When a cellular telephone is operating outside of its home system, it is said to be "roaming." When a roaming phone places a call, the ESN/MIN pair is still sent, but since the local system does not have a record for the subscriber, it has to make a remote validation request back to the home system. This request does not usually complete in timely manner, so most systems let the first call go through while waiting for a validation response. If the ESN/MIN pair turns out to be invalid, it is placed in a "negative" list and the system will block future calls from that phone.

TUMBLING

Tumbling fraud takes advantage of a weakness in this call validation process by using a different ESN/MIN pair on each call. Specially modified phones "tumble," shifting to a new ESN/MIN pair after each call. These pairs are typically not valid in any system, but made up in such a way as to appear like a legitimate roamer.
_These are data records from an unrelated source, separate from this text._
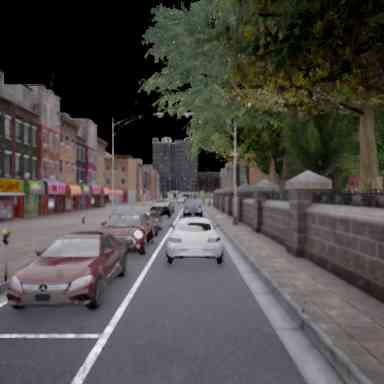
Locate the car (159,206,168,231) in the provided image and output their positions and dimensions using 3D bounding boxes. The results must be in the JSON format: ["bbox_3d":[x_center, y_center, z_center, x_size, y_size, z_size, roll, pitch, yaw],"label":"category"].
[{"bbox_3d":[-2.641,1.721,19.318,1.802,1.307,4.206,0,0,0],"label":"car"}]

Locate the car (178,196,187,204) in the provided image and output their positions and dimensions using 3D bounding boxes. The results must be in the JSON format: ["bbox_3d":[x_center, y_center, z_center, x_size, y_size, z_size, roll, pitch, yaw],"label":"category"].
[{"bbox_3d":[-2.648,2.120,80.133,1.752,1.417,4.829,0,0,0],"label":"car"}]

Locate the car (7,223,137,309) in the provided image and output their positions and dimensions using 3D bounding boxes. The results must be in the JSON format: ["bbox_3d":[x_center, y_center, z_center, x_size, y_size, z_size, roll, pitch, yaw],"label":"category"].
[{"bbox_3d":[-2.639,1.640,7.967,1.802,1.307,4.206,0,0,0],"label":"car"}]

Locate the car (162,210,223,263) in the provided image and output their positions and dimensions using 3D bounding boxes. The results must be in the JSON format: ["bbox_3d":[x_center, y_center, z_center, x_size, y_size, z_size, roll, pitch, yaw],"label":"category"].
[{"bbox_3d":[0.088,1.614,12.233,1.812,1.442,4.674,0,0,0],"label":"car"}]

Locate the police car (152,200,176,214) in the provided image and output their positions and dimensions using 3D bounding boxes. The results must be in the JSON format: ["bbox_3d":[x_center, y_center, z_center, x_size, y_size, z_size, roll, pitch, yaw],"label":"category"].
[{"bbox_3d":[-3.012,1.667,33.477,1.930,1.638,5.238,0,0,0],"label":"police car"}]

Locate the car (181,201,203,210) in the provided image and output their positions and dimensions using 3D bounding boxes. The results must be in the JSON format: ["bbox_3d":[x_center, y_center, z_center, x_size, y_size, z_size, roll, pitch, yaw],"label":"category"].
[{"bbox_3d":[0.094,1.842,33.320,1.895,1.301,4.718,0,0,0],"label":"car"}]

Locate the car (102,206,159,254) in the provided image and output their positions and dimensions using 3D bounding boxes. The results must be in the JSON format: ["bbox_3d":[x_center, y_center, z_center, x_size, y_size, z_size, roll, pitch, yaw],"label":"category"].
[{"bbox_3d":[-2.640,1.539,13.644,1.967,1.590,4.097,0,0,0],"label":"car"}]
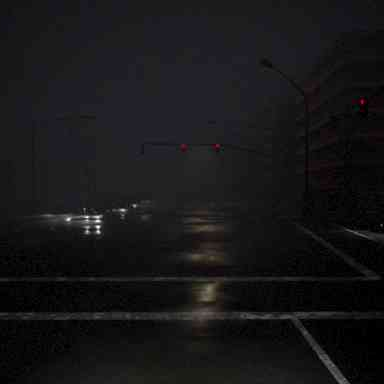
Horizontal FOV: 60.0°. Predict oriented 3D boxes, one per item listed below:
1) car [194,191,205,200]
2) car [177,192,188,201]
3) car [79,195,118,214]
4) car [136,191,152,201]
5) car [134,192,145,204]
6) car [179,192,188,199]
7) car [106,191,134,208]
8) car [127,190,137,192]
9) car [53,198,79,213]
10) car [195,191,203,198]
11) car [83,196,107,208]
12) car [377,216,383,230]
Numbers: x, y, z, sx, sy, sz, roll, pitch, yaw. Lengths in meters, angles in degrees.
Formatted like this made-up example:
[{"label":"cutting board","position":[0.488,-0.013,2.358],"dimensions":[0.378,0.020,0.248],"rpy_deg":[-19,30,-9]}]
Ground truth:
[{"label":"car","position":[1.489,0.711,65.761],"dimensions":[2.097,1.767,4.553],"rpy_deg":[0,1,1]},{"label":"car","position":[-1.921,0.917,65.246],"dimensions":[2.033,1.411,5.357],"rpy_deg":[0,1,1]},{"label":"car","position":[-9.512,1.369,34.369],"dimensions":[2.128,1.511,4.902],"rpy_deg":[0,1,1]},{"label":"car","position":[-9.050,0.918,65.290],"dimensions":[2.033,1.411,5.357],"rpy_deg":[0,1,1]},{"label":"car","position":[-9.270,1.132,53.055],"dimensions":[2.033,1.411,5.357],"rpy_deg":[0,1,1]},{"label":"car","position":[-1.882,0.742,75.897],"dimensions":[2.033,1.411,5.357],"rpy_deg":[0,1,1]},{"label":"car","position":[-9.394,1.106,43.410],"dimensions":[2.097,1.767,4.553],"rpy_deg":[0,1,1]},{"label":"car","position":[-12.478,0.543,68.443],"dimensions":[2.150,2.045,5.566],"rpy_deg":[0,1,1]},{"label":"car","position":[-13.000,1.346,35.436],"dimensions":[1.882,1.535,5.008],"rpy_deg":[0,1,1]},{"label":"car","position":[1.616,0.609,75.807],"dimensions":[1.837,1.490,4.892],"rpy_deg":[0,1,1]},{"label":"car","position":[-12.887,1.302,44.426],"dimensions":[1.994,1.385,4.181],"rpy_deg":[0,1,0]},{"label":"car","position":[12.687,1.526,18.176],"dimensions":[4.674,1.442,1.812],"rpy_deg":[0,0,0]}]

Occurences of tumbling in major cities has fallen dramatically with the introduction of fast databases and reciprocal validation agreements between cellular operators. Cellular One has helped create a North American Cellular Network (NACN) which provides a standard set of roaming capabilities, including rapid call validation, for customers in several thousand cities.

CLONING

Currently the most lucrative form of fraud for cellular "bandits" is cloning. Using 800 MHz FM signal interception equipment, ESN/MIN pairs are "snarfed" as they are transmitted from the phone to the base station. Since cellular phones also identify themselves when turned on and re-establishing contact, bandits are known to frequent airports, mall parking lots, and bridge overpasses, or anywhere a large number of cellular phones may be in use. In a typical setup, a 800 MHz-capable scanner is tuned to one of the reverse control channels, waiting to capture a mobile data transmission. When a cell phone transmits it's ESN and MIN, the intercepted data stream is passed from the receiver to hardware that extracts the digital ones and zeros that comprise the mobile message. These bits are then assembled by software that reproduces the ESN and MIN.

Certain test equipment may also be used to capture ESN/MIN pairs. Several companies manufacture devices intended for use by service personnel to test and tune phones sent in for repair. These devices are often portable and have the ability to read transmissions from nearby phones.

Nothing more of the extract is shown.